“Freelancers are really on their own,"
Nicole Tung, a freelance photojournalist, told CBS News in an interview about
the recent beheading of another freelance journalist, James Foley. Tung and
Foley were working along in the coverage of Syrian conflict. They were only the
two of many freelance conflict journalists, risking their lives for the story.
According to Committee to Protect
Journalists’ data, just under half of the 70 journalists killed in Syria since
the conflict began in 2011 have been freelancers.
Today, as the media landscape shifts,
media organizations’ reliance on freelance journalists and photojournalists
continue to increase. While they make
significant contributions to the conflict coverage, in comparison with staff
journalists who are sent to the war zones by their media organizations, risk
that the freelance journalists go under is immense. The staffers are provided
with the required hostile environment and emergency first aid training, health,
life, kidnap and ransom insurance, costly protective equipment, fixers, transportation
and psychological support for post coverage as well as their monthly salaries.

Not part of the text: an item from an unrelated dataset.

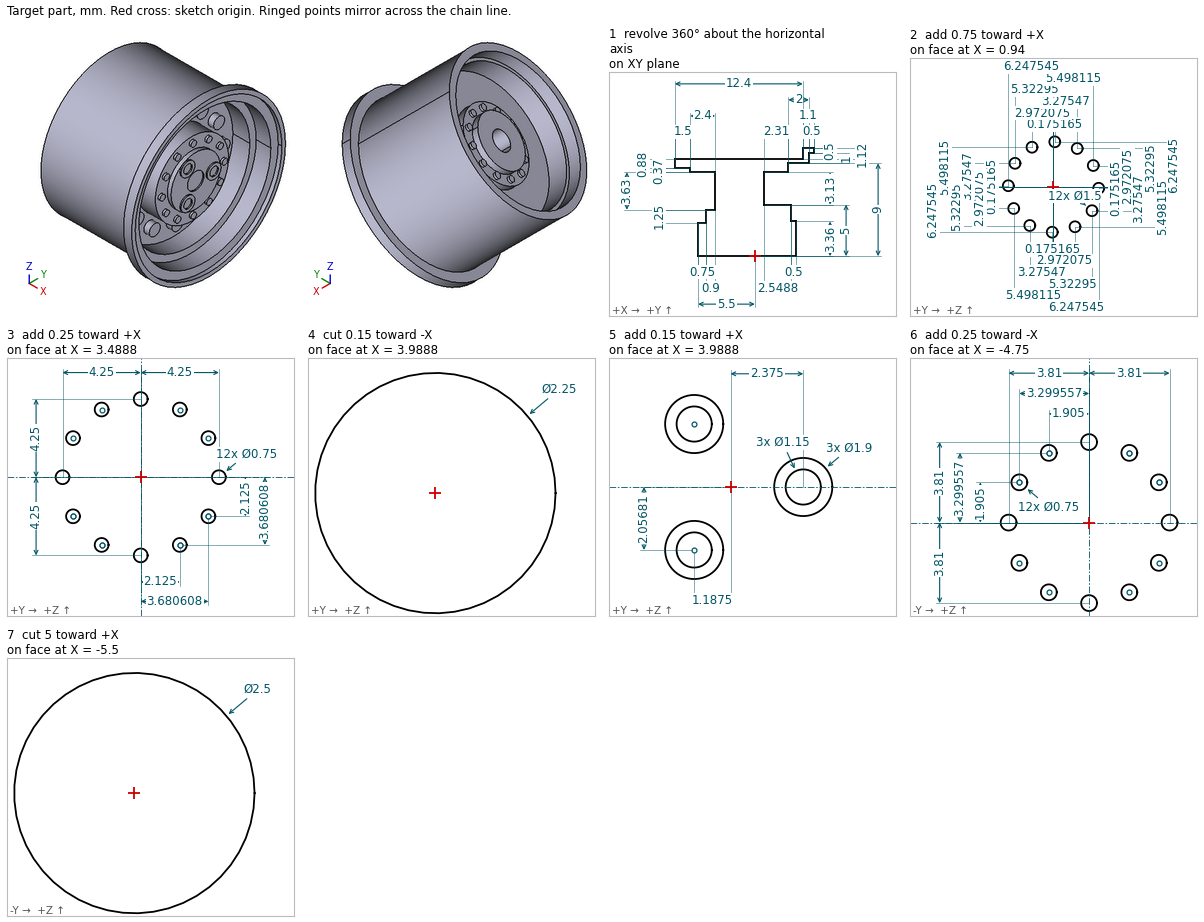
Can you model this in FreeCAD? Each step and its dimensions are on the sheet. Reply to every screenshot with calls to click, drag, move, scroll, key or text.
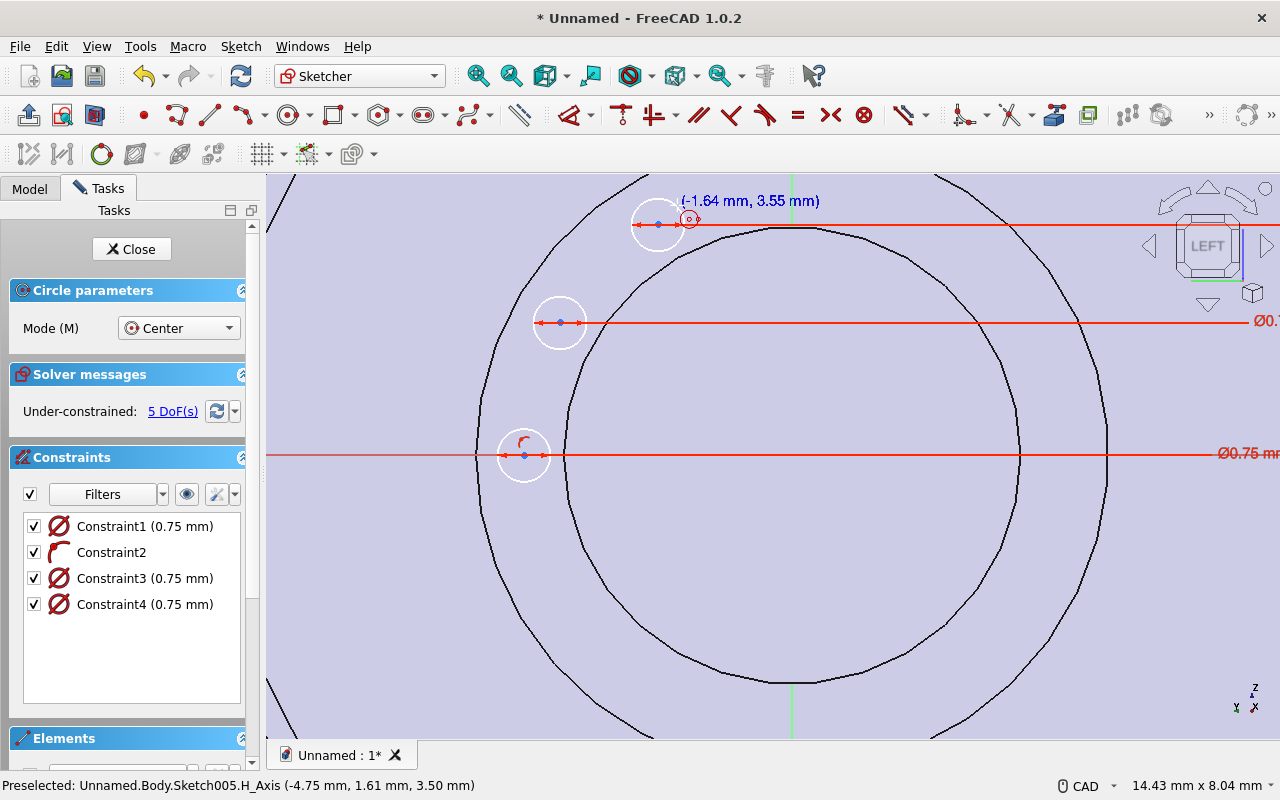
scroll(526, 459, down, 2)

On the other hand, many freelance journalists go in the conflict zones
regardless of any of support system provided, a lot of times not even being
able to afford them in hopes of finding the desired stories and selling them to
various media organizations for several hundreds of dollars at most.
Does lack of a support system
(training, insurance, protective gear, being able to tracked down in cases of
kidnapping, emotional support system, transportation, fixers etc.) affect freelance
photojournalists coverage of conflict zones? If yes, how?